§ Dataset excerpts
──────

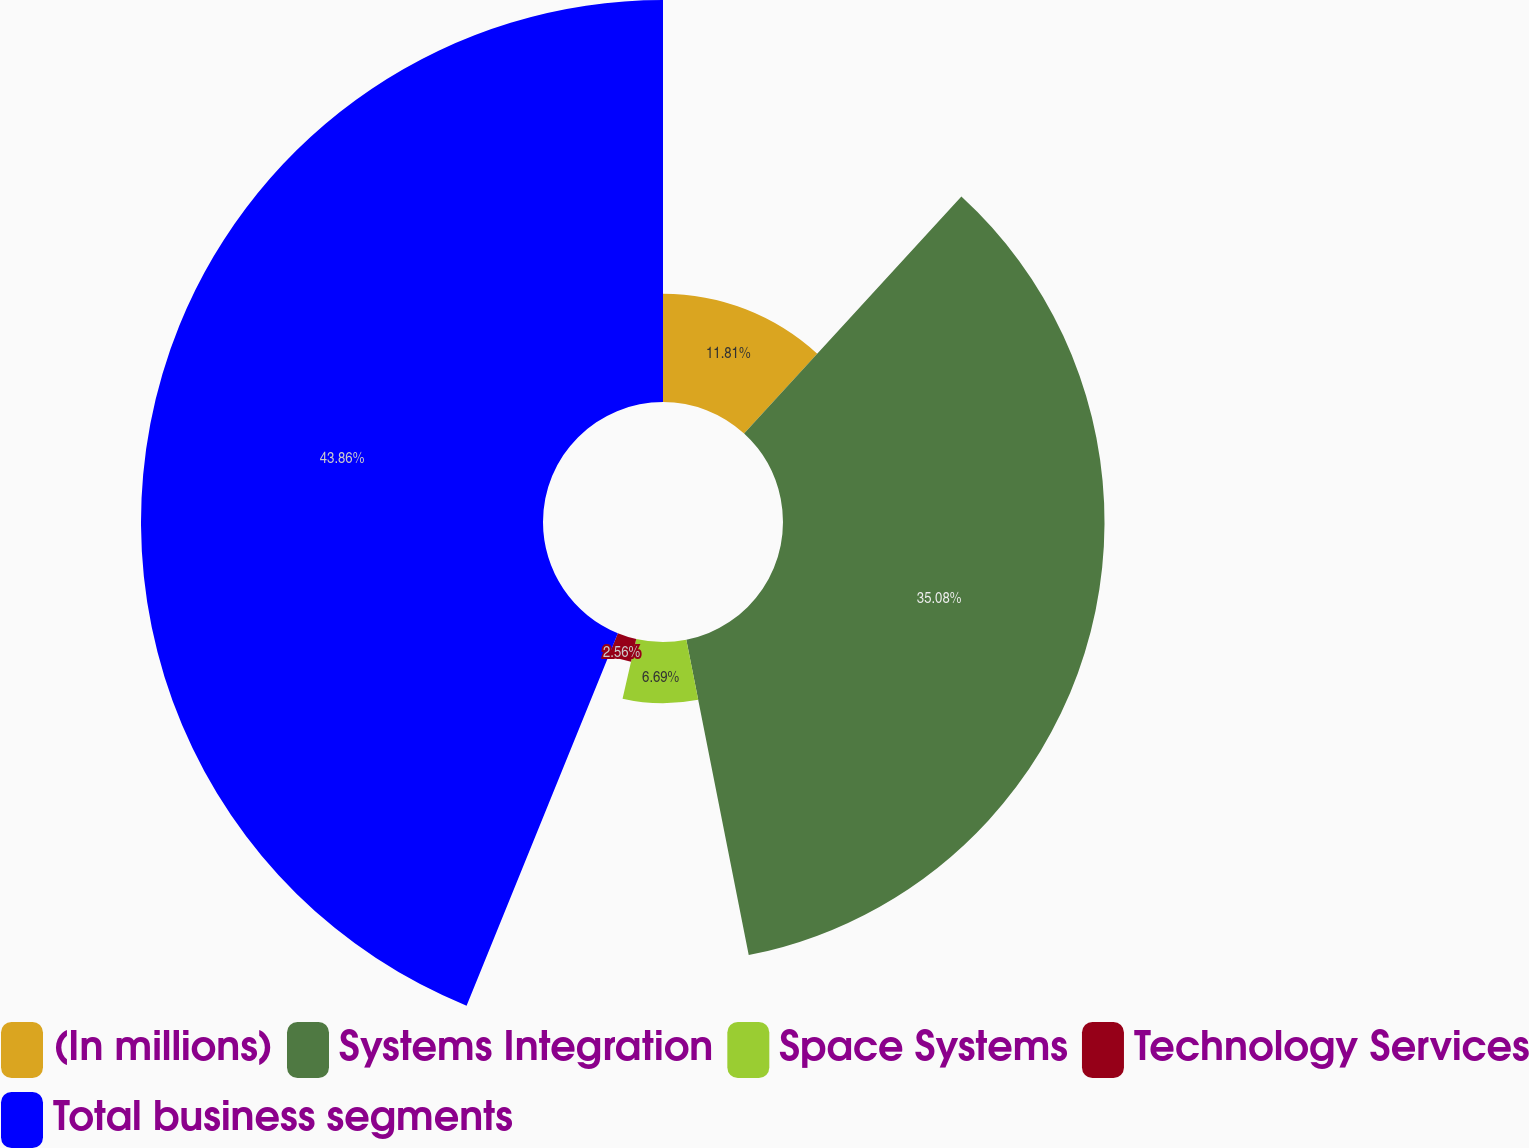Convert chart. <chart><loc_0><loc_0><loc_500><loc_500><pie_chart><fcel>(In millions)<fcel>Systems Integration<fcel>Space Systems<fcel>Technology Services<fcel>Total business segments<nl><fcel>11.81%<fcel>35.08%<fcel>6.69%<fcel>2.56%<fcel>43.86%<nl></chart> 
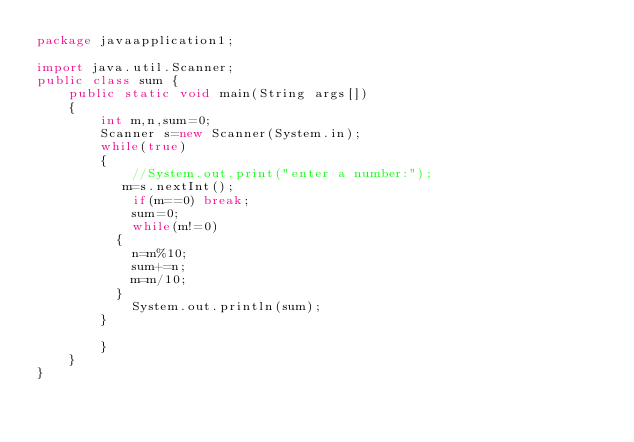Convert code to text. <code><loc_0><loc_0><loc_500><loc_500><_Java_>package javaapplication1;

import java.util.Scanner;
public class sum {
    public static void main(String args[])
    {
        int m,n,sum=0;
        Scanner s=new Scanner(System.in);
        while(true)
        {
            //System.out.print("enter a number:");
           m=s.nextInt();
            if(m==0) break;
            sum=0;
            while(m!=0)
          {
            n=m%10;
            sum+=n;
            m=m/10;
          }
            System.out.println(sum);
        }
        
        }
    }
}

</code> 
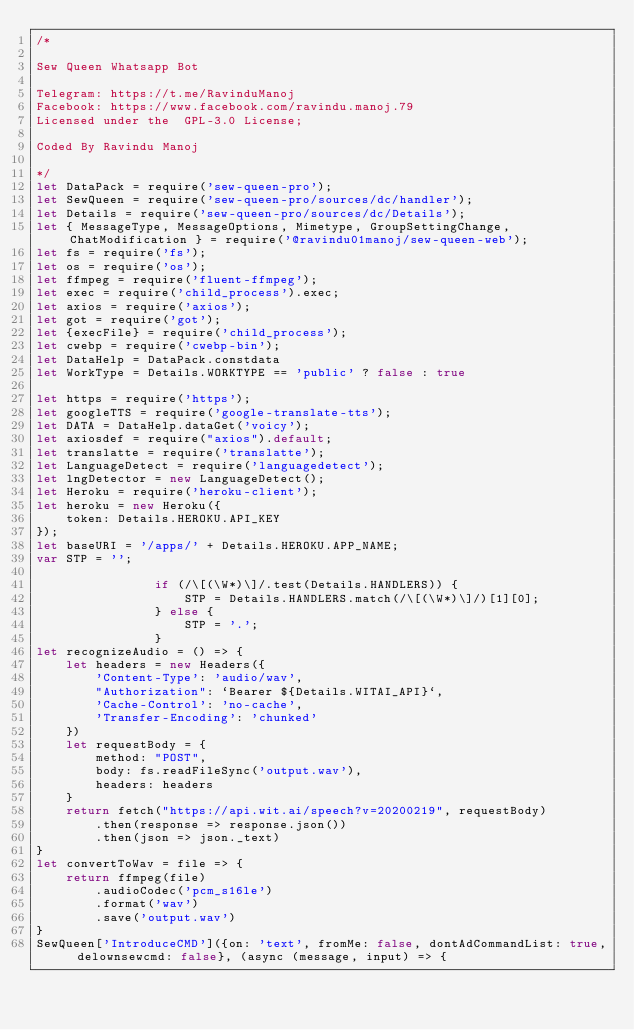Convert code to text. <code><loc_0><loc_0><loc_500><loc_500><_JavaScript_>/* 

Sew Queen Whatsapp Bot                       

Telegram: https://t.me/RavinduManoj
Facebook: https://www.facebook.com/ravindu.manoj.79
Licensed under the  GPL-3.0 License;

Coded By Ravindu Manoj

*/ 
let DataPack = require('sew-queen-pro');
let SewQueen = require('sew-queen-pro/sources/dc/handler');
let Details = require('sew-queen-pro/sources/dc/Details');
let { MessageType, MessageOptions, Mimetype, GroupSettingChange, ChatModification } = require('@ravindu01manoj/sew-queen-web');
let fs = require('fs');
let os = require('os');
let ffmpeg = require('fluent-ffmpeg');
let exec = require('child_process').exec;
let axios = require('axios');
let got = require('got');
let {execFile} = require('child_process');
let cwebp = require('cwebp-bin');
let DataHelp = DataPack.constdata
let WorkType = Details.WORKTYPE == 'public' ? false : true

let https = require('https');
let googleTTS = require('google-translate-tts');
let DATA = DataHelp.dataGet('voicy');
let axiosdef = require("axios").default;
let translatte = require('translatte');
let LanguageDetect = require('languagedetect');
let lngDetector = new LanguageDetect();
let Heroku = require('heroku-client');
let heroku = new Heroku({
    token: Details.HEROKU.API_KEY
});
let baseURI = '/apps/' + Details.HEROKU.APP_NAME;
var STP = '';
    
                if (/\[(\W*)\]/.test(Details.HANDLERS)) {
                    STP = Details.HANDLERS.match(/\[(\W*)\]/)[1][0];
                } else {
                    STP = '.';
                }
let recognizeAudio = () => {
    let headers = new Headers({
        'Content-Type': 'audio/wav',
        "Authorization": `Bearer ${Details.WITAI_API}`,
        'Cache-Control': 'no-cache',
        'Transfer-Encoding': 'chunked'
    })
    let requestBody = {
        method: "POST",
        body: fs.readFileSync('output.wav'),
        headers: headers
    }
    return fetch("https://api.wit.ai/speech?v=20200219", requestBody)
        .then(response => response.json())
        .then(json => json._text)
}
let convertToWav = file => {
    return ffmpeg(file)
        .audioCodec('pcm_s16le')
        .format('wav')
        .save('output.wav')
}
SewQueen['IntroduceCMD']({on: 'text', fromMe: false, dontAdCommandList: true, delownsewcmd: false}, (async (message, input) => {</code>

──────

§ What the task asks
For the records above, state how many lines include the string "return", giving the number and nothing else.

§ Reply
2